What is expected. In the listing below, locate the lines that hold "Land" and copy them.

• • • •

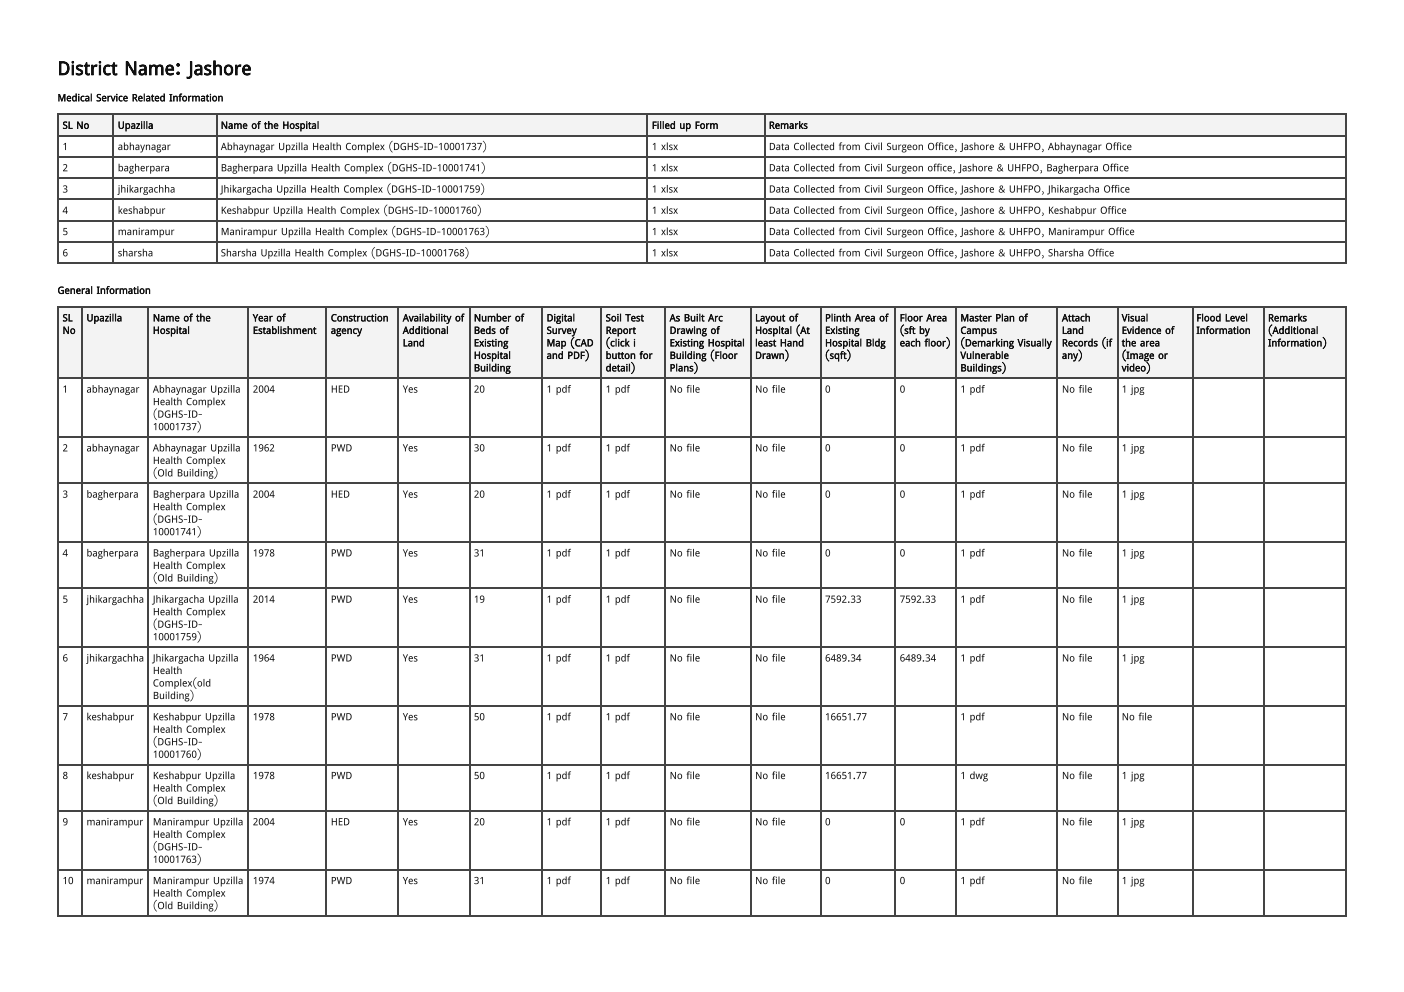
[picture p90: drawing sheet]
<svg xmlns="http://www.w3.org/2000/svg" width="297mm" height="210mm" viewBox="0 0 297 210" stroke-linecap="round" stroke-linejoin="round" font-family="sans-serif">
<defs><g id="words">
<text font-size="4" fill="#111" x="12.2" y="15.9">District Name: Jashore</text>
<g font-size="2.1" fill="#111">
<text x="12.2" y="21.4">Medical Service Related Information</text>
<text x="13.2" y="27.3">SL No</text>
<text x="24.9" y="27.3">Upazilla</text>
<text x="46.7" y="27.3">Name of the Hospital</text>
<text x="137.9" y="27.3">Filled up Form</text>
<text x="162.6" y="27.3">Remarks</text>
<text x="13.2" y="31.7">1</text>
<text x="24.9" y="31.7">abhaynagar</text>
<text x="46.7" y="31.7">Abhaynagar Upzilla Health Complex (DGHS-ID-10001737)</text>
<text x="137.9" y="31.7">1 xlsx</text>
<text x="162.6" y="31.7">Data Collected from Civil Surgeon Office, Jashore &amp; UHFPO, Abhaynagar Office</text>
<text x="13.2" y="36.2">2</text>
<text x="13.2" y="40.7">3</text>
<text x="24.9" y="36.2">bagherpara</text>
<text x="24.9" y="40.7">jhikargachha</text>
<text x="46.7" y="36.2">Bagherpara Upzilla Health Complex (DGHS-ID-10001741)</text>
<text x="46.7" y="40.7">Jhikargacha Upzilla Health Complex (DGHS-ID-10001759)</text>
<text x="137.9" y="36.2">1 xlsx</text>
<text x="137.9" y="40.7">1 xlsx</text>
<text x="162.6" y="36.2">Data Collected from Civil Surgeon office, Jashore &amp; UHFPO, Bagherpara Office</text>
<text x="162.6" y="40.7">Data Collected from Civil Surgeon Office, Jashore &amp; UHFPO, Jhikargacha Office</text>
<text x="13.2" y="45.2">4</text>
<text x="24.9" y="45.2">keshabpur</text>
<text x="46.7" y="45.2">Keshabpur Upzilla Health Complex (DGHS-ID-10001760)</text>
<text x="137.9" y="45.2">1 xlsx</text>
<text x="162.6" y="45.2">Data Collected from Civil Surgeon Office, Jashore &amp; UHFPO, Keshabpur Office</text>
<text x="13.2" y="49.7">5</text>
<text x="24.9" y="49.7">manirampur</text>
<text x="46.7" y="49.7">Manirampur Upzilla Health Complex (DGHS-ID-10001763)</text>
<text x="137.9" y="49.7">1 xlsx</text>
<text x="162.6" y="49.7">Data Collected from Civil Surgeon Office, Jashore &amp; UHFPO, Manirampur Office</text>
<text x="13.2" y="54.2">6</text>
<text x="24.9" y="54.2">sharsha</text>
<text x="46.7" y="54.2">Sharsha Upzilla Health Complex (DGHS-ID-10001768)</text>
<text x="137.9" y="54.2">1 xlsx</text>
<text x="162.6" y="54.2">Data Collected from Civil Surgeon Office, Jashore &amp; UHFPO, Sharsha Office</text>
<text x="12.2" y="62.2">General Information</text>
<text x="13.2" y="68">SL</text>
<text x="13.2" y="70.6">No</text>
<text x="18.3" y="68">Upazilla</text>
<text x="32.3" y="68">Name of the</text>
<text x="32.3" y="70.6">Hospital</text>
<text x="53.5" y="68">Year of</text>
<text x="53.5" y="70.6">Establishment</text>
<text x="70" y="68">Construction</text>
<text x="70" y="70.6">agency</text>
<text x="85.2" y="68">Availability of</text>
<text x="85.2" y="70.6">Additional</text>
<text x="100.2" y="68">Number of</text>
<text x="100.2" y="70.6">Beds of</text>
<text x="115.6" y="68">Digital</text>
<text x="115.6" y="70.6">Survey</text>
<text x="128.1" y="68">Soil Test</text>
<text x="128.1" y="70.6">Report</text>
<text x="141.7" y="68">As Built Arc</text>
<text x="141.7" y="70.6">Drawing of</text>
<text x="159.7" y="68">Layout of</text>
<text x="159.7" y="70.6">Hospital (At</text>
<text x="174.5" y="68">Plinth Area of</text>
<text x="174.5" y="70.6">Existing</text>
<text x="190.3" y="68">Floor Area</text>
<text x="190.3" y="70.6">(sft by</text>
<text x="203.2" y="68">Master Plan of</text>
<text x="203.2" y="70.6">Campus</text>
<text x="224.6" y="68">Attach</text>
<text x="224.6" y="70.6">Land</text>
<text x="237.3" y="68">Visual</text>
<text x="237.3" y="70.6">Evidence of</text>
<text x="253.1" y="68">Flood Level</text>
<text x="253.1" y="70.6">Information</text>
<text x="268.2" y="68">Remarks</text>
<text x="268.2" y="70.6">(Additional</text>
<text x="85.2" y="73.3">Land</text>
<text x="100.2" y="73.3">Existing</text>
<text x="100.2" y="75.9">Hospital</text>
<text x="115.6" y="73.3">Map (CAD</text>
<text x="115.6" y="75.9">and PDF)</text>
<text x="128.1" y="73.3">(click i</text>
<text x="128.1" y="75.9">button for</text>
<text x="141.7" y="73.3">Existing Hospital</text>
<text x="141.7" y="75.9">Building (Floor</text>
<text x="159.7" y="73.3">least Hand</text>
<text x="159.7" y="75.9">Drawn)</text>
<text x="174.5" y="73.3">Hospital Bldg</text>
<text x="174.5" y="75.9">(sqft)</text>
<text x="190.3" y="73.3">each floor)</text>
<text x="203.2" y="73.3">(Demarking Visually</text>
<text x="203.2" y="75.9">Vulnerable</text>
<text x="224.6" y="73.3">Records (if</text>
<text x="224.6" y="75.9">any)</text>
<text x="237.3" y="73.3">the area</text>
<text x="237.3" y="75.9">(Image or</text>
<text x="268.2" y="73.3">Information)</text>
<text x="13.2" y="83.1">1</text>
<text x="18.3" y="83.1">abhaynagar</text>
<text x="32.3" y="83.1">Abhaynagar Upzilla</text>
<text x="53.5" y="83.1">2004</text>
<text x="70" y="83.1">HED</text>
<text x="85.2" y="83.1">Yes</text>
<text x="100.2" y="78.6">Building</text>
<text x="100.2" y="83.1">20</text>
<text x="115.6" y="83.1">1 pdf</text>
<text x="128.1" y="78.6">detail)</text>
<text x="128.1" y="83.1">1 pdf</text>
<text x="141.7" y="78.6">Plans)</text>
<text x="141.7" y="83.1">No file</text>
<text x="159.7" y="83.1">No file</text>
<text x="174.5" y="83.1">0</text>
<text x="190.3" y="83.1">0</text>
<text x="203.2" y="78.6">Buildings)</text>
<text x="203.2" y="83.1">1 pdf</text>
<text x="224.6" y="83.1">No file</text>
<text x="237.3" y="78.6">video)</text>
<text x="237.3" y="83.1">1 jpg</text>
<text x="32.3" y="85.7">Health Complex</text>
<text x="32.3" y="88.4">(DGHS-ID-</text>
<text x="13.2" y="95.5">2</text>
<text x="18.3" y="95.5">abhaynagar</text>
<text x="32.3" y="91">10001737)</text>
<text x="32.3" y="95.5">Abhaynagar Upzilla</text>
<text x="53.5" y="95.5">1962</text>
<text x="70" y="95.5">PWD</text>
<text x="85.2" y="95.5">Yes</text>
<text x="100.2" y="95.5">30</text>
<text x="115.6" y="95.5">1 pdf</text>
<text x="128.1" y="95.5">1 pdf</text>
<text x="141.7" y="95.5">No file</text>
<text x="159.7" y="95.5">No file</text>
<text x="174.5" y="95.5">0</text>
<text x="190.3" y="95.5">0</text>
<text x="203.2" y="95.5">1 pdf</text>
<text x="224.6" y="95.5">No file</text>
<text x="237.3" y="95.5">1 jpg</text>
<text x="32.3" y="98.2">Health Complex</text>
<text x="32.3" y="100.8">(Old Building)</text>
<text x="13.2" y="105.3">3</text>
<text x="18.3" y="105.3">bagherpara</text>
<text x="32.3" y="105.3">Bagherpara Upzilla</text>
<text x="32.3" y="107.9">Health Complex</text>
<text x="53.5" y="105.3">2004</text>
<text x="70" y="105.3">HED</text>
<text x="85.2" y="105.3">Yes</text>
<text x="100.2" y="105.3">20</text>
<text x="115.6" y="105.3">1 pdf</text>
<text x="128.1" y="105.3">1 pdf</text>
<text x="141.7" y="105.3">No file</text>
<text x="159.7" y="105.3">No file</text>
<text x="174.5" y="105.3">0</text>
<text x="190.3" y="105.3">0</text>
<text x="203.2" y="105.3">1 pdf</text>
<text x="224.6" y="105.3">No file</text>
<text x="237.3" y="105.3">1 jpg</text>
<text x="32.3" y="110.6">(DGHS-ID-</text>
<text x="32.3" y="113.2">10001741)</text>
<text x="13.2" y="117.7">4</text>
<text x="18.3" y="117.7">bagherpara</text>
<text x="32.3" y="117.7">Bagherpara Upzilla</text>
<text x="53.5" y="117.7">1978</text>
<text x="70" y="117.7">PWD</text>
<text x="85.2" y="117.7">Yes</text>
<text x="100.2" y="117.7">31</text>
<text x="115.6" y="117.7">1 pdf</text>
<text x="128.1" y="117.7">1 pdf</text>
<text x="141.7" y="117.7">No file</text>
<text x="159.7" y="117.7">No file</text>
<text x="174.5" y="117.7">0</text>
<text x="190.3" y="117.7">0</text>
<text x="203.2" y="117.7">1 pdf</text>
<text x="224.6" y="117.7">No file</text>
<text x="237.3" y="117.7">1 jpg</text>
<text x="32.3" y="120.4">Health Complex</text>
<text x="32.3" y="123">(Old Building)</text>
<text x="13.2" y="127.5">5</text>
<text x="18.3" y="127.5">jhikargachha</text>
<text x="32.3" y="127.5">Jhikargacha Upzilla</text>
<text x="32.3" y="130.2">Health Complex</text>
<text x="53.5" y="127.5">2014</text>
<text x="70" y="127.5">PWD</text>
<text x="85.2" y="127.5">Yes</text>
<text x="100.2" y="127.5">19</text>
<text x="115.6" y="127.5">1 pdf</text>
<text x="128.1" y="127.5">1 pdf</text>
<text x="141.7" y="127.5">No file</text>
<text x="159.7" y="127.5">No file</text>
<text x="174.5" y="127.5">7592.33</text>
<text x="190.3" y="127.5">7592.33</text>
<text x="203.2" y="127.5">1 pdf</text>
<text x="224.6" y="127.5">No file</text>
<text x="237.3" y="127.5">1 jpg</text>
<text x="32.3" y="132.8">(DGHS-ID-</text>
<text x="32.3" y="135.5">10001759)</text>
<text x="13.2" y="140">6</text>
<text x="18.3" y="140">jhikargachha</text>
<text x="32.3" y="140">Jhikargacha Upzilla</text>
<text x="32.3" y="142.6">Health</text>
<text x="53.5" y="140">1964</text>
<text x="70" y="140">PWD</text>
<text x="85.2" y="140">Yes</text>
<text x="100.2" y="140">31</text>
<text x="115.6" y="140">1 pdf</text>
<text x="128.1" y="140">1 pdf</text>
<text x="141.7" y="140">No file</text>
<text x="159.7" y="140">No file</text>
<text x="174.5" y="140">6489.34</text>
<text x="190.3" y="140">6489.34</text>
<text x="203.2" y="140">1 pdf</text>
<text x="224.6" y="140">No file</text>
<text x="237.3" y="140">1 jpg</text>
<text x="32.3" y="145.3">Complex(old</text>
<text x="32.3" y="147.9">Building)</text>
<text x="13.2" y="152.4">7</text>
<text x="18.3" y="152.4">keshabpur</text>
<text x="32.3" y="152.4">Keshabpur Upzilla</text>
<text x="32.3" y="155">Health Complex</text>
<text x="53.5" y="152.4">1978</text>
<text x="70" y="152.4">PWD</text>
<text x="85.2" y="152.4">Yes</text>
<text x="100.2" y="152.4">50</text>
<text x="115.6" y="152.4">1 pdf</text>
<text x="128.1" y="152.4">1 pdf</text>
<text x="141.7" y="152.4">No file</text>
<text x="159.7" y="152.4">No file</text>
<text x="174.5" y="152.4">16651.77</text>
<text x="203.2" y="152.4">1 pdf</text>
<text x="224.6" y="152.4">No file</text>
<text x="237.3" y="152.4">No file</text>
<text x="32.3" y="157.7">(DGHS-ID-</text>
<text x="32.3" y="160.3">10001760)</text>
<text x="13.2" y="164.8">8</text>
<text x="18.3" y="164.8">keshabpur</text>
<text x="32.3" y="164.8">Keshabpur Upzilla</text>
<text x="32.3" y="167.5">Health Complex</text>
<text x="53.5" y="164.8">1978</text>
<text x="70" y="164.8">PWD</text>
<text x="100.2" y="164.8">50</text>
<text x="115.6" y="164.8">1 pdf</text>
<text x="128.1" y="164.8">1 pdf</text>
<text x="141.7" y="164.8">No file</text>
<text x="159.7" y="164.8">No file</text>
<text x="174.5" y="164.8">16651.77</text>
<text x="203.2" y="164.8">1 dwg</text>
<text x="224.6" y="164.8">No file</text>
<text x="237.3" y="164.8">1 jpg</text>
<text x="32.3" y="170.1">(Old Building)</text>
<text x="13.2" y="174.6">9</text>
<text x="18.3" y="174.6">manirampur</text>
<text x="32.3" y="174.6">Manirampur Upzilla</text>
<text x="32.3" y="177.3">Health Complex</text>
<text x="32.3" y="179.9">(DGHS-ID-</text>
<text x="53.5" y="174.6">2004</text>
<text x="70" y="174.6">HED</text>
<text x="85.2" y="174.6">Yes</text>
<text x="100.2" y="174.6">20</text>
<text x="115.6" y="174.6">1 pdf</text>
<text x="128.1" y="174.6">1 pdf</text>
<text x="141.7" y="174.6">No file</text>
<text x="159.7" y="174.6">No file</text>
<text x="174.5" y="174.6">0</text>
<text x="190.3" y="174.6">0</text>
<text x="203.2" y="174.6">1 pdf</text>
<text x="224.6" y="174.6">No file</text>
<text x="237.3" y="174.6">1 jpg</text>
<text x="32.3" y="182.6">10001763)</text>
<text x="13.2" y="187.1">10</text>
<text x="18.3" y="187.1">manirampur</text>
<text x="32.3" y="187.1">Manirampur Upzilla</text>
<text x="32.3" y="189.7">Health Complex</text>
<text x="53.5" y="187.1">1974</text>
<text x="70" y="187.1">PWD</text>
<text x="85.2" y="187.1">Yes</text>
<text x="100.2" y="187.1">31</text>
<text x="115.6" y="187.1">1 pdf</text>
<text x="128.1" y="187.1">1 pdf</text>
<text x="141.7" y="187.1">No file</text>
<text x="159.7" y="187.1">No file</text>
<text x="174.5" y="187.1">0</text>
<text x="190.3" y="187.1">0</text>
<text x="203.2" y="187.1">1 pdf</text>
<text x="224.6" y="187.1">No file</text>
<text x="237.3" y="187.1">1 jpg</text>
<text x="32.3" y="192.4">(Old Building)</text>
</g>
</g></defs>
<g fill="#eef4fb">
<path d="M12.4 24.3h11.7v4.5h-11.7z"/>
<path d="M24.1 24.3h21.7v4.5h-21.7z"/>
<path d="M45.8 24.3h91.3v4.5h-91.3z"/>
<path d="M137.1 24.3h24.6v4.5h-24.6z"/>
<path d="M161.7 24.3h123.3v4.5h-123.3z"/>
</g>
<g fill="none" stroke="#444" stroke-width=".26">
<path d="M12.2 24.2h272.8M12.2 28.7h272.8M12.2 33.2h272.8M12.2 37.7h272.8M12.3 24.1v31.7M23.9 24.1v31.7M45.9 24.1v31.7M136.9 24.1v31.7M161.8 24.1v31.7M284.8 24.1v31.7M12.2 42.2h272.8M12.2 46.7h272.8"/>
<path d="M12.2 51.2h272.8M12.2 55.7h272.8"/>
</g>
<g fill="#eef4fb">
<path d="M12.4 65.1h5.1v15.1h-5.1z"/>
<path d="M17.5 65.1h14v15.1h-14z"/>
<path d="M31.5 65.1h21.2v15.1h-21.2z"/>
<path d="M52.7 65.1h16.4v15.1h-16.4z"/>
<path d="M69.1 65.1h15.3v15.1h-15.3z"/>
<path d="M84.4 65.1h14.8v15.1h-14.8z"/>
<path d="M99.2 65.1h15.6v15.1h-15.6z"/>
<path d="M114.8 65.1h12.5v15.1h-12.5z"/>
<path d="M127.3 65.1h13.5v15.1h-13.5z"/>
<path d="M140.8 65.1h17.9v15.1h-17.9z"/>
<path d="M158.7 65.1h14.9v15.1h-14.9z"/>
<path d="M173.6 65.1h15.8v15.1h-15.8z"/>
<path d="M189.4 65.1h12.7v15.1h-12.7z"/>
<path d="M202.1 65.1h21.7v15.1h-21.7z"/>
<path d="M223.8 65.1h12.5v15.1h-12.5z"/>
<path d="M236.3 65.1h15.8v15.1h-15.8z"/>
<path d="M252.1 65.1h15.1v15.1h-15.1z"/>
<path d="M267.2 65.1h17.8v15.1h-17.8z"/>
</g>
<g fill="none" stroke="#444" stroke-width=".26">
<path d="M12.2 65h272.8M12.3 64.8v129.1M17.3 64.8v129.1M31.4 64.8v129.1M52.5 64.8v129.1M68.9 64.8v129.1M84.3 64.8v129.1M99.4 64.8v129.1M114.7 64.8v129.1M127.1 64.8v129.1M140.6 64.8v129.1M158.9 64.8v129.1"/>
<path d="M173.7 64.8v129.1M189.3 64.8v129.1M202.3 64.8v129.1M223.7 64.8v129.1M236.4 64.8v129.1M252.3 64.8v129.1M267.4 64.8v129.1M284.8 64.8v129.1M12.2 80h272.8M12.2 92.5h272.8M12.2 102.3h272.8M12.2 114.7h272.8"/>
<path d="M12.2 124.5h272.8M12.2 136.9h272.8M12.2 149.4h272.8M12.2 161.8h272.8M12.2 171.6h272.8M12.2 184h272.8M12.2 193.8h272.8"/>
</g>
<use href="#words"/>
</svg>

• • • •

Response.
<text x="224.6" y="70.6">Land</text>
<text x="85.2" y="73.3">Land</text>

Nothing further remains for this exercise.